# Rabbit-Safe Flowers



## Boz (May 20, 2011)

Hey everyone! So looking on the Quick List: Gardening for your Bunny quick list there's a list of flowers.


*Flowering Plants*
Apple flowers
Aster
Bachelor's Buttons
Calendulas/Pot Marigolds
Cockscomb
Daisy
Dandelion
Day Lilies (Not actually Lilies... These are of the family Hemerocalis - stick to the blossoms)
Fuschia
Gardenia
Gladiolus (blossoms only)
Hosta
Hyssop
Lavender
Lilac
Pansy
Pot Marigolds/Calendulas
Nasturtiums
Rose
Sweet Pea
Sunflower
Violet
Zinnia


They can eat all those?! Like... Hostas... as in the plants that grow great everywhere?

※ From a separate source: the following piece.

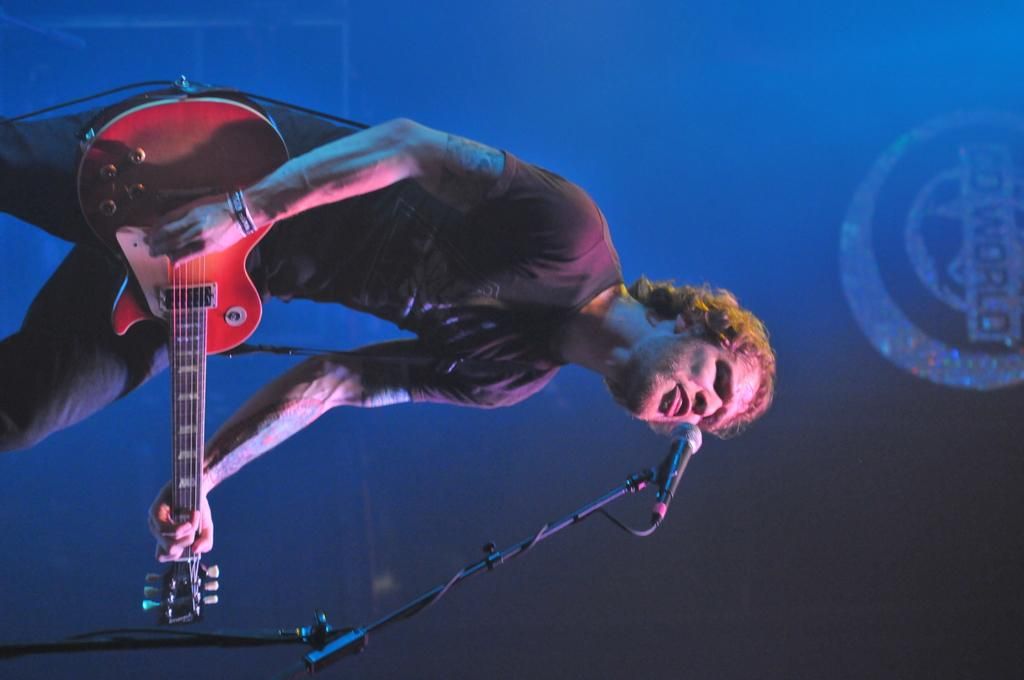What is the person in the image doing? The person is playing a musical instrument in the image. What object is present that might be used for amplifying the person's voice? There is a microphone in the image. What can be seen in the background of the image? There is text visible in the background of the image. Where is the goat wearing a crown in the image? There is no goat or crown present in the image.

These? http://www.boryslawice.pl/attachments/Image/byliny/Hosta4.jpg Can they eat the leaves or are we only talking about the flowers here? Lilacs too? Just the flowers?

I knew they could have Roses. I usually grow Nasturtiums for the bunnies. And I've given them Apple Blossoms before but I never knew they could have these. 

Can they eat the petals of the sunflowers too? Like the whole flower?! Daisies?! Are Shasta Daisies okay?

Pot marigolds... are those just Marigolds? What's the difference?

I'm kinda amazed! haha! I really wanted to add some flowers to the rabbit garden. But I don't know if we are talking about only the flowers or what.

Can they have hibiscus flowers? I know animals like chinchillas and degus can have them.

I just want to be 100% sure on what they can and cannot eat!


----------



## Boz (May 20, 2011)

Figured out the Marigold thing. They are different! But I still am wondering about the rest! 

Thanks!


----------